Obviously given the tile information, I can just ‘not transform’ any prop that is in a tile that is known to be offscreen. I already reject this early:

void GUI_Prop::PreDraw()
{
if (!PTile->IsOnscreen() && FallOffset == 0)
{
return;
}

But the problem is I’ve already made the function call at this point (waste of time) and checked IsOnscreen (a simple bool…but still…). Ideally this call would never happen. A tile that is a stockpile with 16 pallets and 16 door panels on it has 32 props. Thats 32 pointless function calls. Clearly I need to re-engineer things so that I only bother with this code for props that actually are in a tile thats onscreen. That means my current system of just allocating them to 16 lists in a roundrobin fashion sucks.

One immediate idea is to allocate them not as props at all, but as tiles. That means my proplists would be a list of props (each of which can iterate their tiles) and means at draw time, I’m only checking that PTile->IsOnscreen once per tile, rather than up to 32 times. One problem here is that a LOT of tiles have no props at all, but I can fix that by only adding tiles to the list the first time a prop is added to a tile. To be really robust, I’d have to then spot when a tile was clear of props and call some ‘slow but rare’ code which purges it from the appropriate prop list. That can be done in some low priority code run during ‘free’ time anyway.

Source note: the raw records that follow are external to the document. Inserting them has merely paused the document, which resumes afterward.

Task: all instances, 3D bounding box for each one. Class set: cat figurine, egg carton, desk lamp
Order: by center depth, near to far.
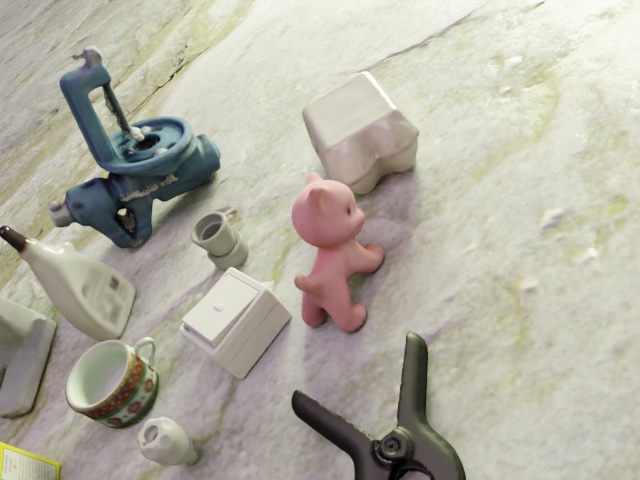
[{"bbox_3d":[0.005,0.002,0.522,0.067,0.118,0.128,-2,53,29],"label":"cat figurine"},{"bbox_3d":[-0.405,0.069,0.635,0.117,0.214,0.203,-20,46,14],"label":"desk lamp"},{"bbox_3d":[0.042,-0.122,0.639,0.107,0.070,0.150,-30,45,4],"label":"egg carton"}]

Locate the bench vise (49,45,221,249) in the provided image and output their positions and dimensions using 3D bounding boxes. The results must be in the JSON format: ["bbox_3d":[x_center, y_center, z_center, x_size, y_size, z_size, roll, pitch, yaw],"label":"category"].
[{"bbox_3d":[-0.243,-0.100,0.678,0.121,0.220,0.208,21,67,40],"label":"bench vise"}]

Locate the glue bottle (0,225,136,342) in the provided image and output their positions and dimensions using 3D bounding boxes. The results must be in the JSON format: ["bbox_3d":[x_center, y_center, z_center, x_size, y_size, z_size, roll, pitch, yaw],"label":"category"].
[{"bbox_3d":[-0.270,0.038,0.611,0.037,0.174,0.078,-11,49,23],"label":"glue bottle"}]

I’m going to undertake a switch to this system (its no minor 20 minute feat of engineering) and then report back :D

 

Ok…

well I *think this increased speed by about 50-80% but its really hard to be sure. I need to code some testbed environment which loads a save game, then spends X seconds at various locations and camera positions in order to have reproducible data. The speedup depends vastly on the zoom level, because its basically saving a lot of time when a LOT of the factory is offscreen, but introduces maybe some slight overhead in other circumstances, because there are now 2 layers of lists to iterate. the tiles and then props-within-a-tile. When zoomed in, thats still vastly fewer function calls.

Also it really depends on the current code bottleneck. The code is multithreaded, so potentially 16 of these lists are being run at once. If the main thread was dithering waiting for these threads to complete, this speeds things up, else nothing is gained. My threadmanager hands tasks to the main thread while its waiting so hopefully this isn’t a concern. I shall await feedback on the next builds performance with interest.